Post by dcapeletti »

Hi, let me open a discussion on 3D modeling technologies.
Parametric modeling has long been the forerunner of several programs used in the industry. But I have been looking at some sites and researching about other modeling techniques or technologies and it seems to me that parametric modeling as we know it, seems to be obsolete in the future because history-based design seems to be too strict for certain designs, because it is delicate to modify functions in the middle of history because you can break the model if you don't understand well its algorithms or its history.

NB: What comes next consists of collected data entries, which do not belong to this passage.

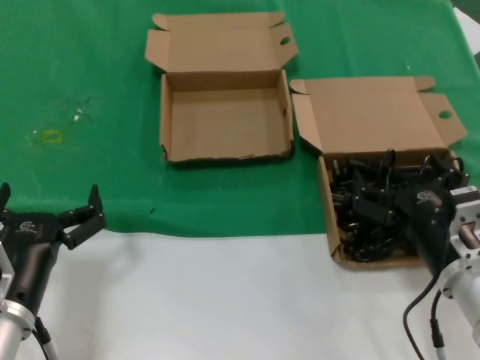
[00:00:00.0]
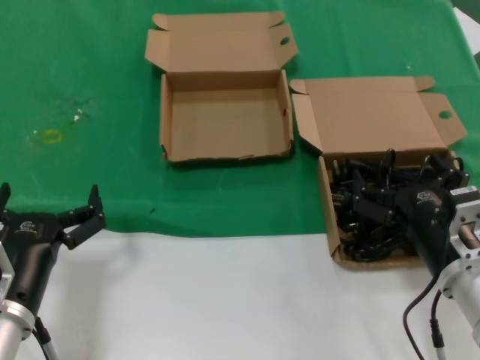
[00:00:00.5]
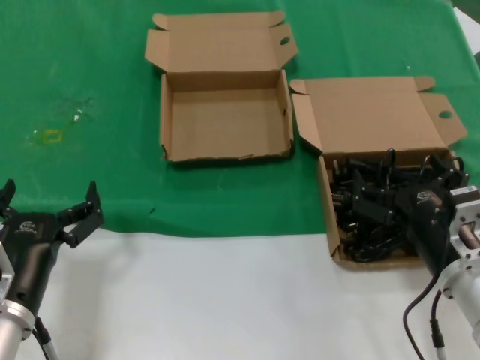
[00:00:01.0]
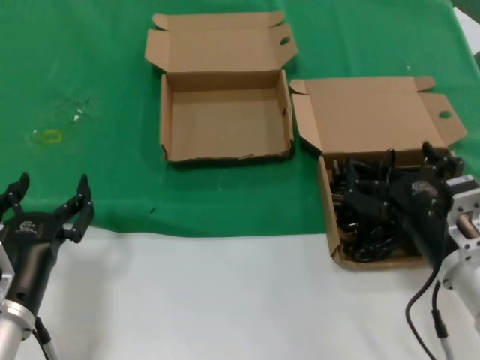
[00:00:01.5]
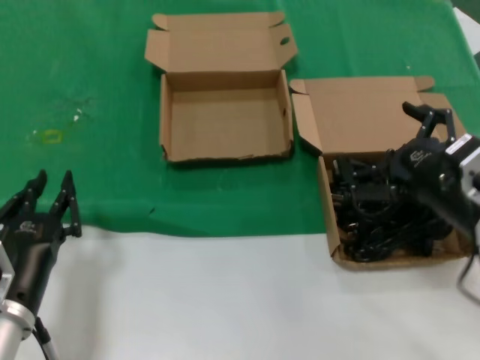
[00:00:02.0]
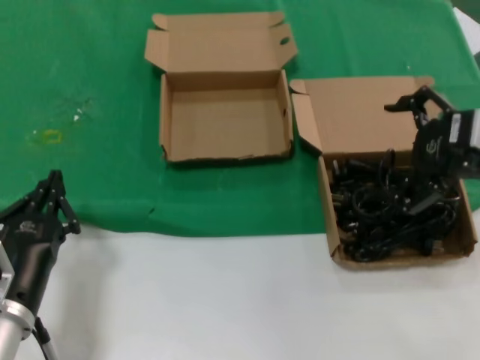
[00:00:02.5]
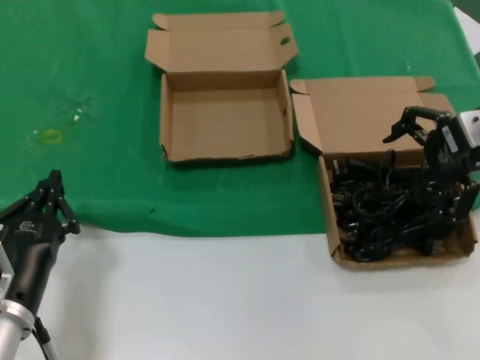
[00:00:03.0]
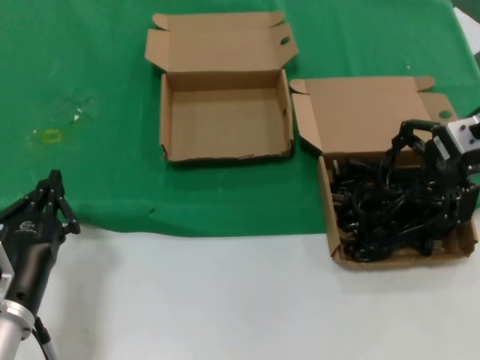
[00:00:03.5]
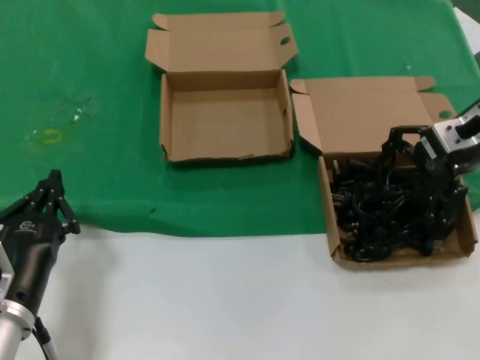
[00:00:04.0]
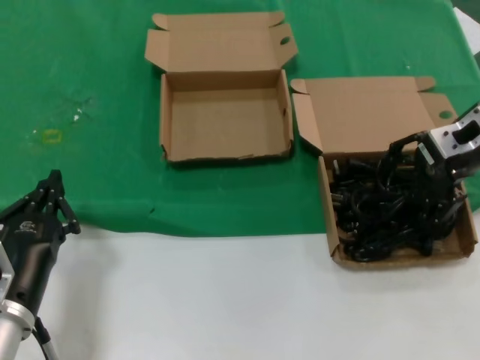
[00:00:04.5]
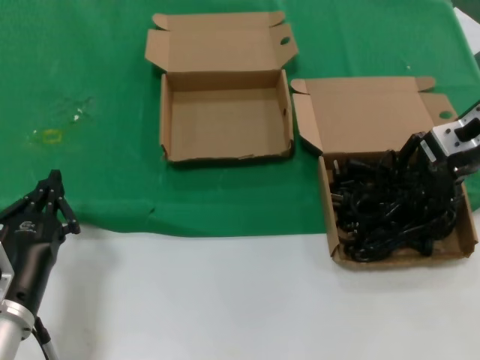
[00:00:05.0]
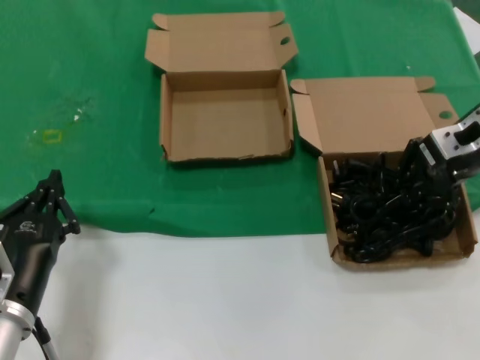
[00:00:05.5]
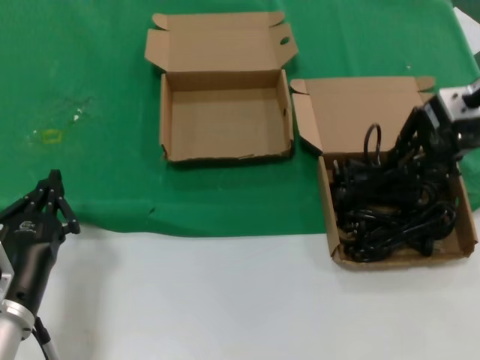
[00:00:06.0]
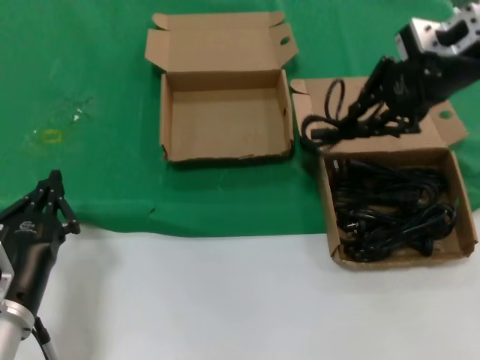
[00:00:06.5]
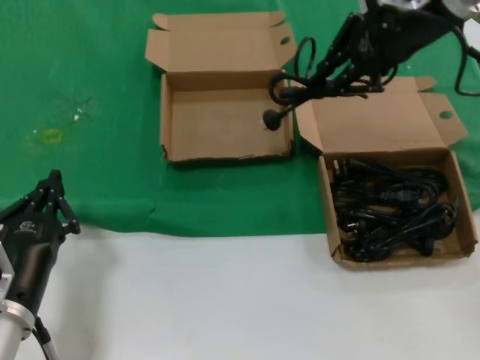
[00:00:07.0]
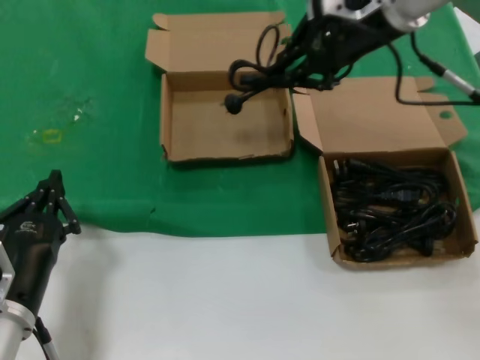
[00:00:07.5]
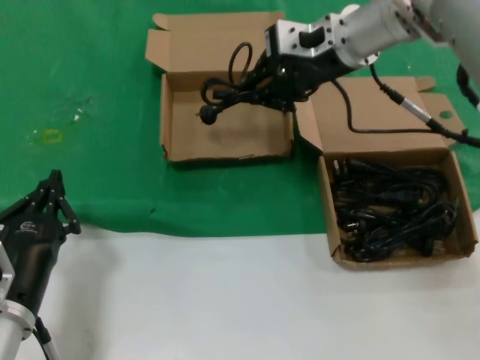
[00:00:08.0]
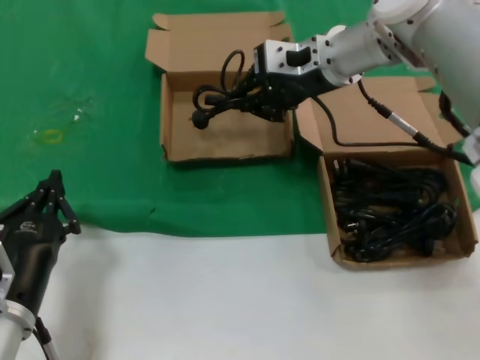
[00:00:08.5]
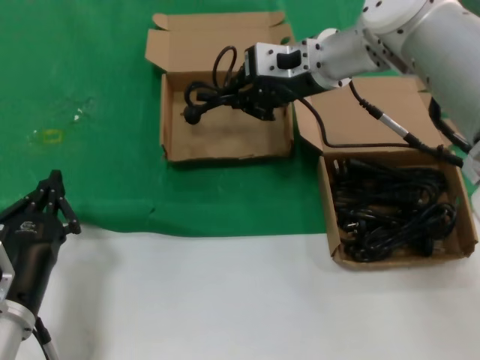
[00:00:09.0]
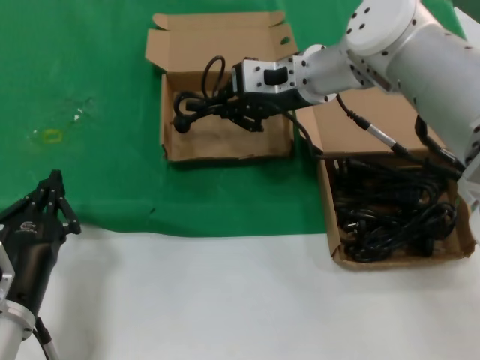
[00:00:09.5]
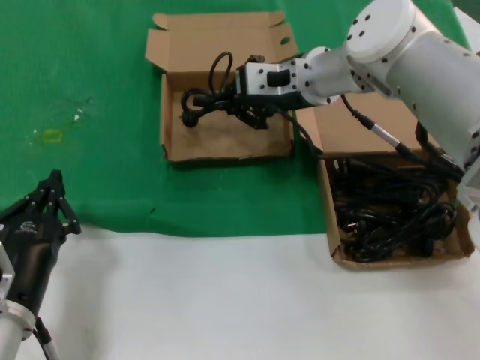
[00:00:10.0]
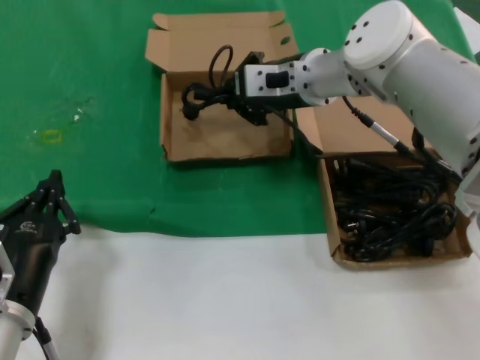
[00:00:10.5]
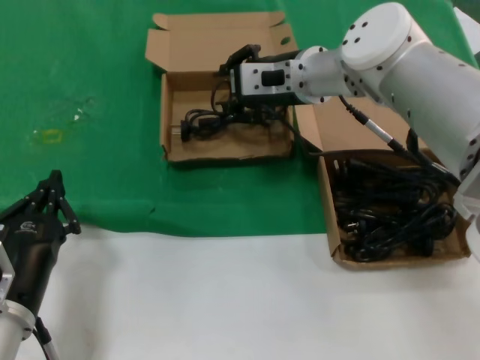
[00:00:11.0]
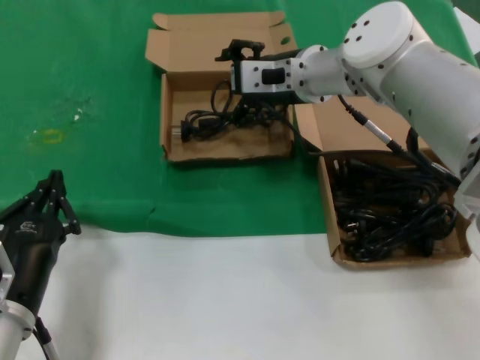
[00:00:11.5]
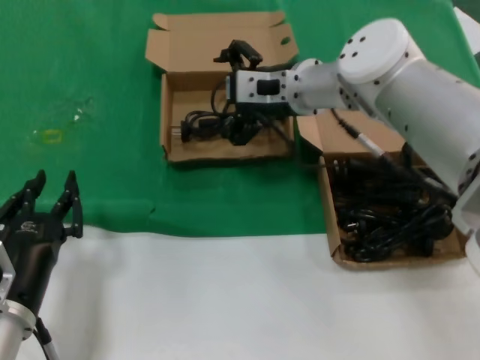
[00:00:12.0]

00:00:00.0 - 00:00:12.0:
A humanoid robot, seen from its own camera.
Task of the whole recording: take the parts from the box containing them and put them into an empty box.
Step, 00:00:00.0 - 00:00:05.0: Grasp the data cable.
Step, 00:00:05.5 - 00:00:11.0: Place the data cable in the another box.
00:00:00.0 - 00:00:02.0: The right hand is displaced upward by approximately 10 cm.
00:00:02.0 - 00:00:04.0: The right hand is displaced forward and upward by roughly 20 cm.
00:00:04.0 - 00:00:06.0: The hands stay close to where they were, moving slightly.
00:00:06.0 - 00:00:08.0: The right hand moves to the left and forward, roughly 20 cm.
00:00:08.0 - 00:00:10.0: The right hand travels downward by approximately 5 cm.
00:00:10.0 - 00:00:12.0: There are only small adjustments of the hands.

Talking about freecad, specially the part desing workbench is focused on parametric design, but I think you can create another direct modeling bench from the part desing bench because it works with primitives, that is, this bench designers can press and pull their model to change it. One advantage of this capability is the ease with which designs can be modified, allowing for rapid iteration and prototyping. The ability to change a model without worrying about breaking it can mean a lot.

Even better could be the hybrid design combination of parametric and direct modeling. It could be a combination of part, part design, draft and other tools.

Here I leave you with a series of interesting articles to read.

https://www.engineering.com/DesignSoftw ... eling.aspx
https://www.smlease.com/entries/cad/typ ... -modeling/
https://www.youtube.com/watch?v=LpkkXuesUGs

I hope your comments and why not, the motivation for programmers and designers to go for the creation of hybrid combination workbenches.

Greetings ;)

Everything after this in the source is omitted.